Diciembre de 2006

Un historia de fin de año

Para muchos estas fechas nos conectan con nuestros afectos más profundos por esta razón, la alegría o la tristeza suelen estar invitadas. Alegría de compartir la mesa con quienes se ama o la tristeza por aquellos que no están.

 

Hoy quiero contarles una pequeña historia que sucedió una noche buena que pude compartir hace algunos años con un grupo de personas mayores con quienes trabajaba.

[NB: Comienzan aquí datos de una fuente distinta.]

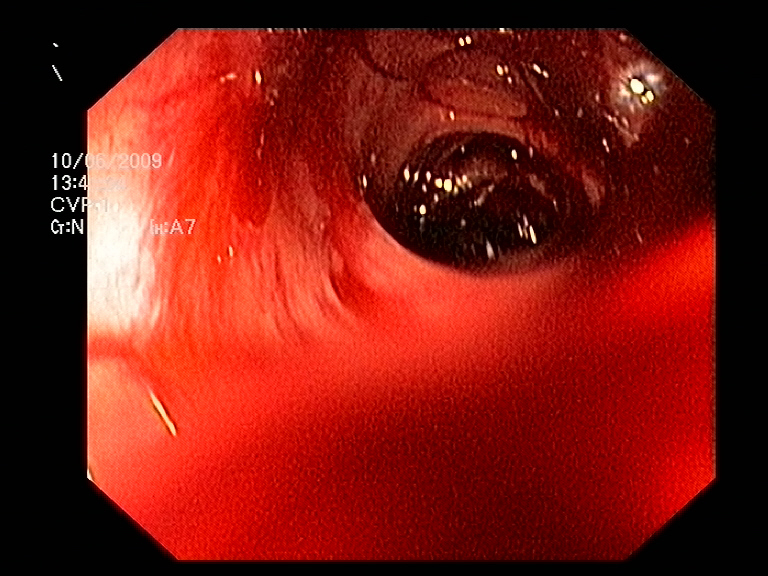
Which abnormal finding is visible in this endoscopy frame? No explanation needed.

Para todos aquellos que no tenían con quien pasar las fiestas o que querían compartirla con otra gente, el grupo junto a su Municipio habían organizado una fiesta pública de Navidad.

Muchos pensaban que iba a ser una fiesta triste porque iban a ir quienes no tenían una casa donde estar o con quienes pasar.

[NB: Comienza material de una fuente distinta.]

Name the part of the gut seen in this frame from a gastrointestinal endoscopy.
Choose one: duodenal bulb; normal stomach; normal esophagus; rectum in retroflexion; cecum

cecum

Algunos iban a llegar temprano, otros después de las 12, una vez que brindaran con sus familiares.

La cuestión es que, llamémosle, Pepe y Antonia que ya andaban dando vueltas juntos, estuvieron esa noche. El porque quería estar con ella y ella porque no quería que los hijos la lleven a la casa de sus amigos y sentirse que no era parte de ese grupo.

Por eso los dos se encontraron, festejaron con otra gente que sentían que eran pocos de familia y buscaban alegría, con otros que estaban solos y otros que llegaron, como habían dicho después de las 12 con nietos y familiares para brindar con los amigos.

 

Esa noche, casi a las 4 de la mañana, cuando algunos de nosotros empezamos a irnos, se los vio salir a Pepe y Antonia abrazados, iluminados por la luz de la luna navideña. Esa noche cuentan que hubo pasión, deseo y amor. No solo eso, desde ese día vivieron juntos.

 

Por eso amigos la vida nos depara sorpresas a cualquier edad, solo nos hace falta saber seguirlas y darnos una posibilidad más, siempre!

Muy felices fiestas!!!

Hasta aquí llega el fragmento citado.